Data records:
------------------------------------------------------------

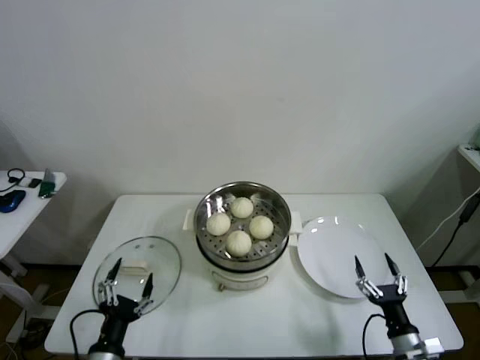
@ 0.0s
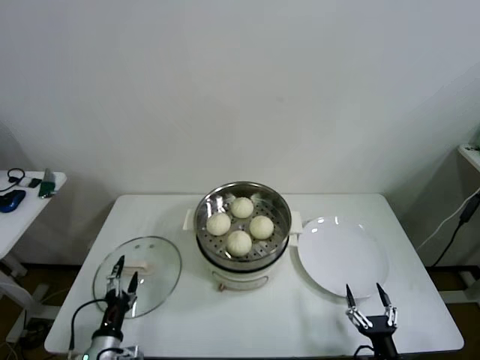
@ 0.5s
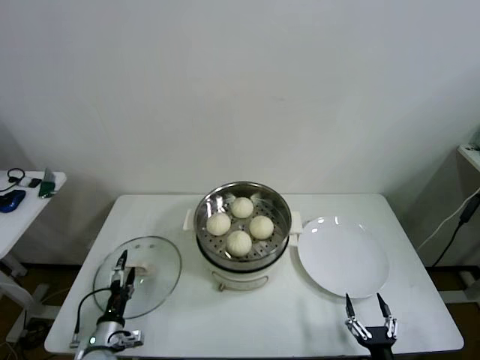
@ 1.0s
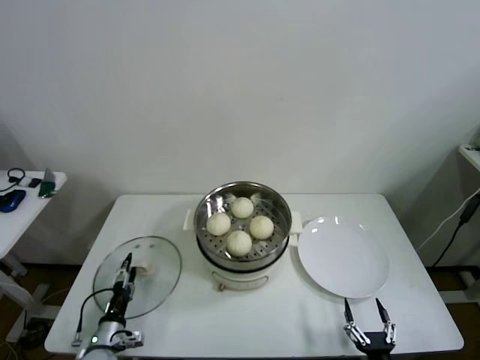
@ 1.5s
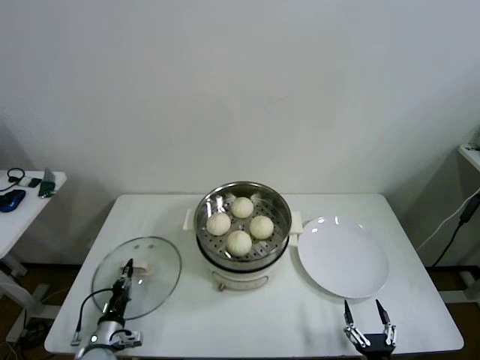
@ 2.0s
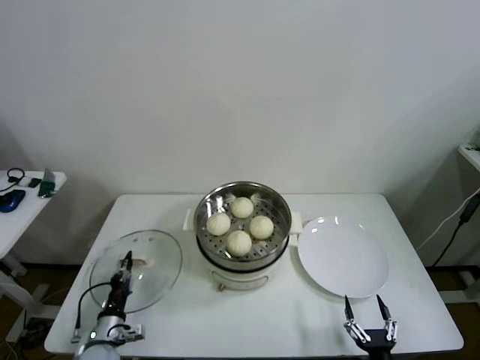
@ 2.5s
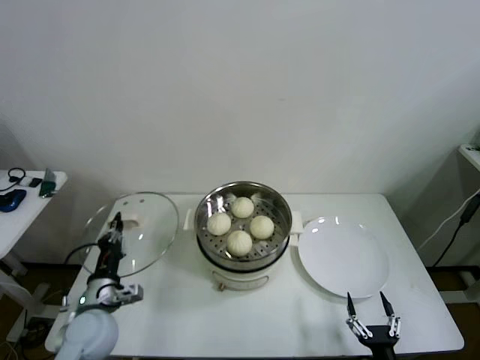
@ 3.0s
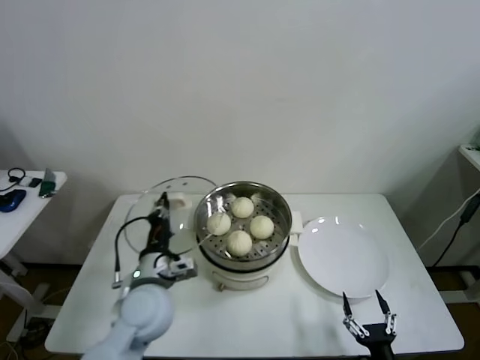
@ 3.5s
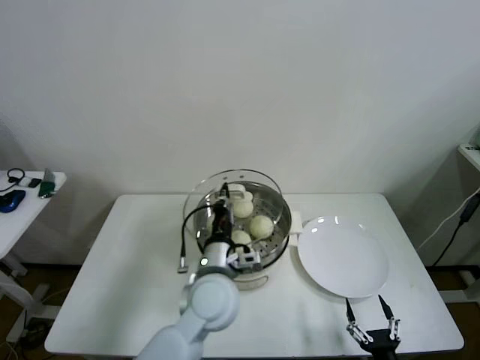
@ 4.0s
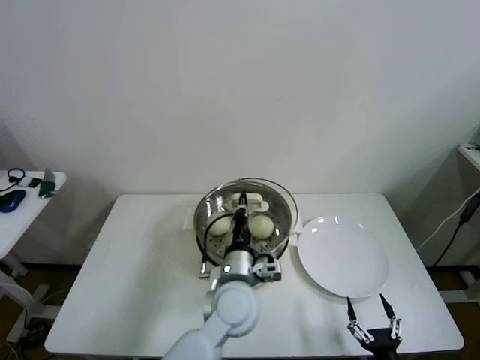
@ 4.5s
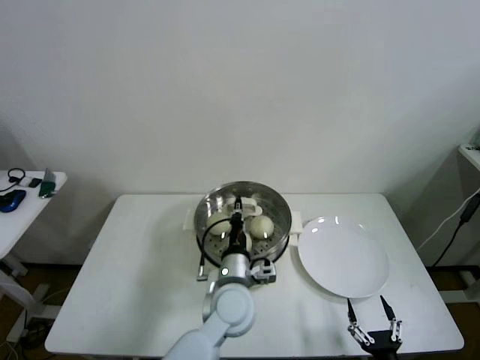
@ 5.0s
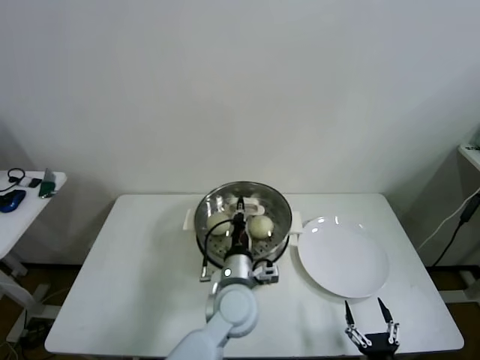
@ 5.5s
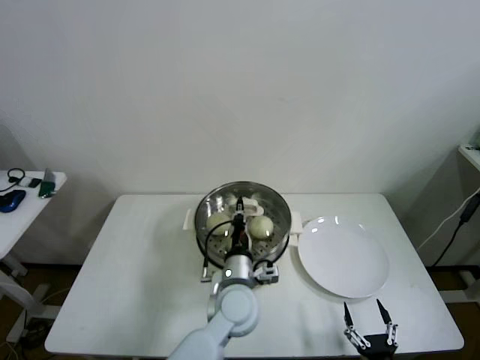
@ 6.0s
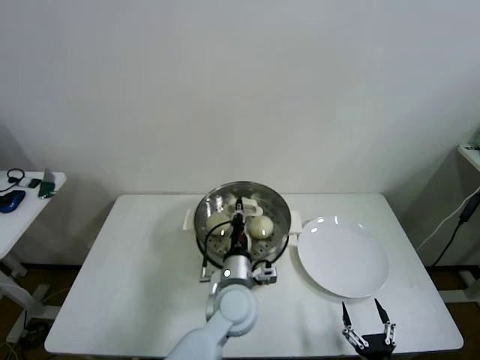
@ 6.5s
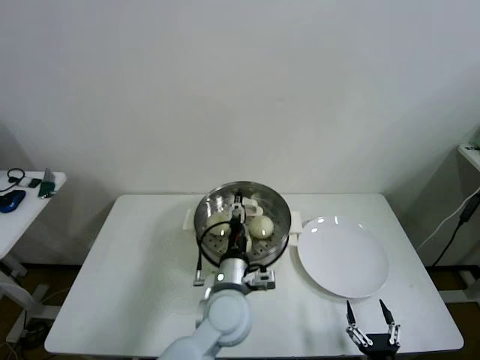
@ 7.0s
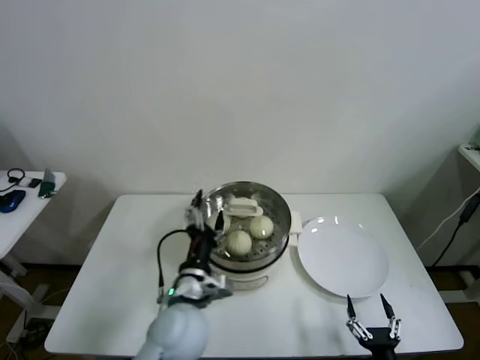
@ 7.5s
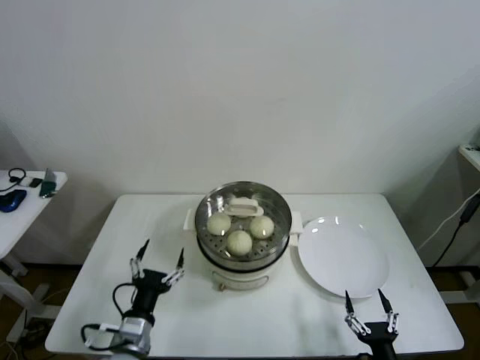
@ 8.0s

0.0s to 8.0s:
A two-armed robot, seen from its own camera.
Step, 0.0s to 2.0s: Grasp the pot lid with left gripper.
Step, 2.5s to 6.5s: Place the pot lid on the steamer with left gripper.
0.0s to 2.0s: The right gripper heads backward, to the left and downward, covering roughly 10 cm. The left gripper shifts some 20 cm downward, forward and to the left, and closes up.
2.0s to 4.0s: The left gripper is displaced to the right and upward by some 40 cm.
4.0s to 6.0s: The left gripper is displaced downward and to the right by about 10 cm.
6.0s to 8.0s: The left gripper moves to the left and backward, approximately 25 cm, and opens.

------------------------------------------------------------

What you need to do:
Please retype the records above exactly, leaving every image out.

Response to this task:
@ 0.0s
@ 0.5s
@ 1.0s
@ 1.5s
@ 2.0s
@ 2.5s
@ 3.0s
@ 3.5s
@ 4.0s
@ 4.5s
@ 5.0s
@ 5.5s
@ 6.0s
@ 6.5s
@ 7.0s
@ 7.5s
@ 8.0s

0.0s to 8.0s:
A two-armed robot, seen from its own camera.
Step, 0.0s to 2.0s: Grasp the pot lid with left gripper.
Step, 2.5s to 6.5s: Place the pot lid on the steamer with left gripper.
0.0s to 2.0s: The right gripper heads backward, to the left and downward, covering roughly 10 cm. The left gripper shifts some 20 cm downward, forward and to the left, and closes up.
2.0s to 4.0s: The left gripper is displaced to the right and upward by some 40 cm.
4.0s to 6.0s: The left gripper is displaced downward and to the right by about 10 cm.
6.0s to 8.0s: The left gripper moves to the left and backward, approximately 25 cm, and opens.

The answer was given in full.